● **DATA EXTRACTS**
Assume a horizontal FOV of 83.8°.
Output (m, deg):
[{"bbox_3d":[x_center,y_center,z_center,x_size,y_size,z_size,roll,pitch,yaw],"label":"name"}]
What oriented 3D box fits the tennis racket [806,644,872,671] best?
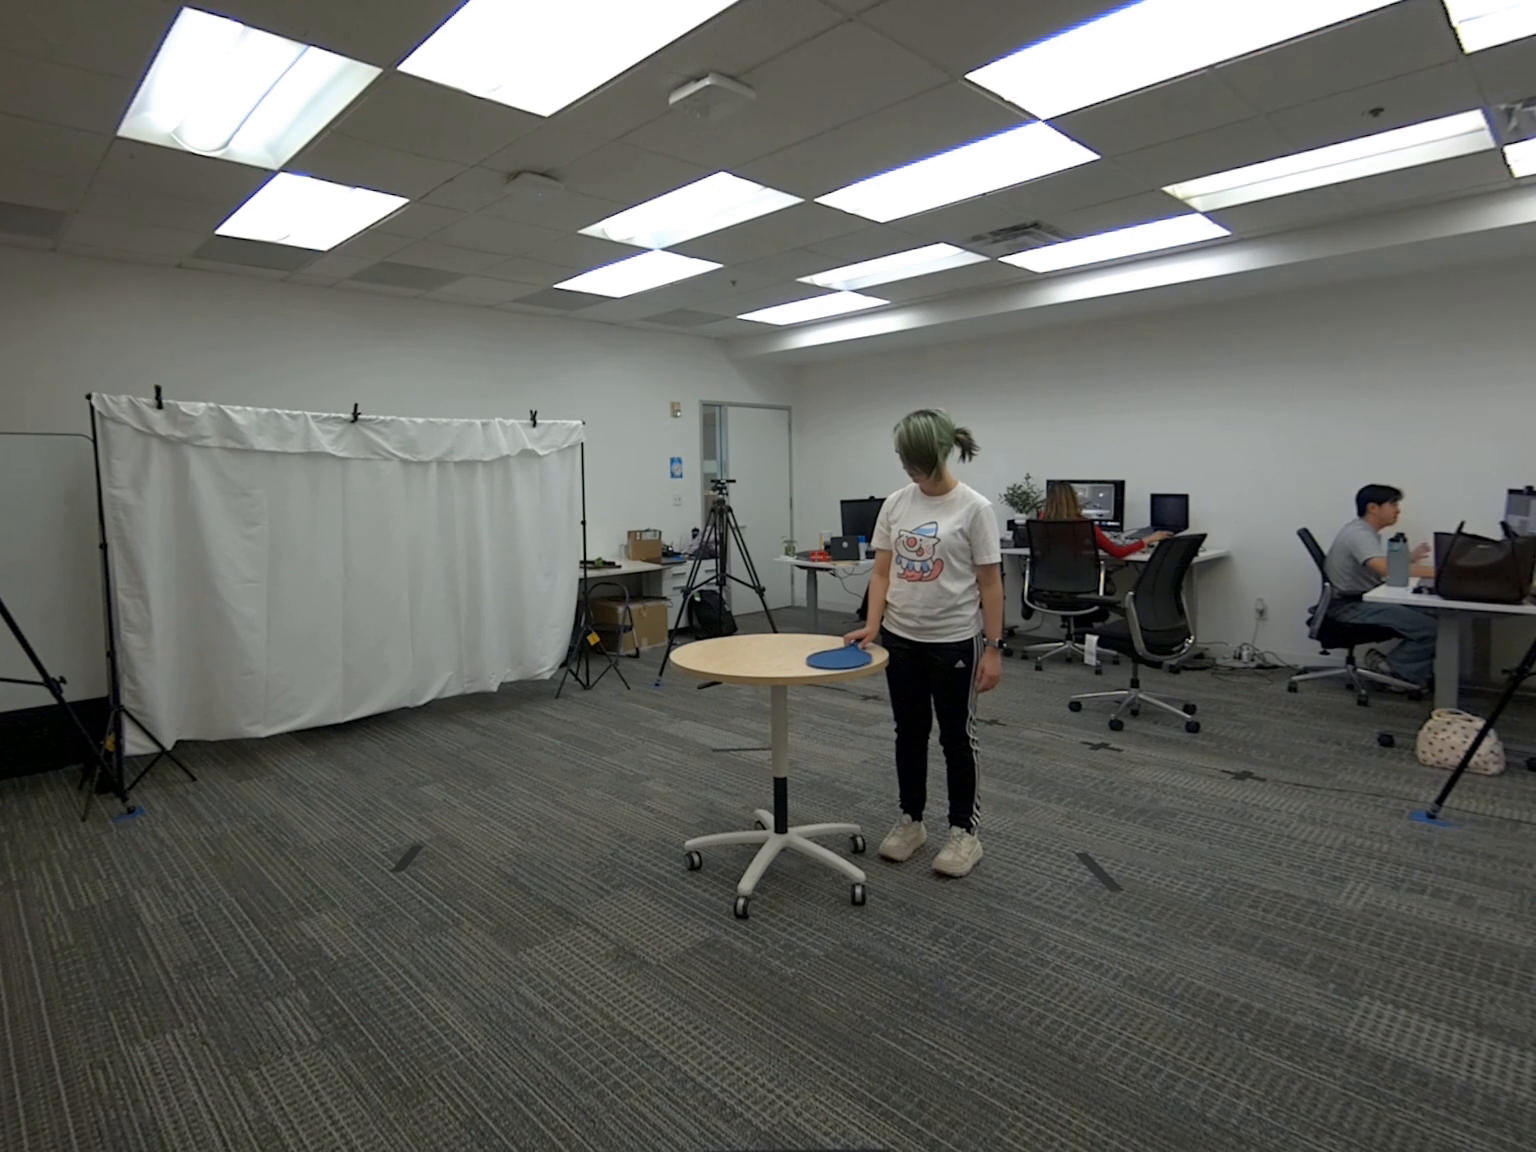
[{"bbox_3d":[0.279,0.268,2.895,0.219,0.031,0.424,-1,7,28],"label":"tennis racket"}]

● **BRIEF**
Your task is to retype the listing exactly, without its pictures.

● **SOLUTION TO THIS TASK**
Assume a horizontal FOV of 83.8°.
Output (m, deg):
[{"bbox_3d":[x_center,y_center,z_center,x_size,y_size,z_size,roll,pitch,yaw],"label":"name"}]
What oriented 3D box fits the tennis racket [806,644,872,671] best?
[{"bbox_3d":[0.279,0.268,2.895,0.219,0.031,0.424,-1,7,28],"label":"tennis racket"}]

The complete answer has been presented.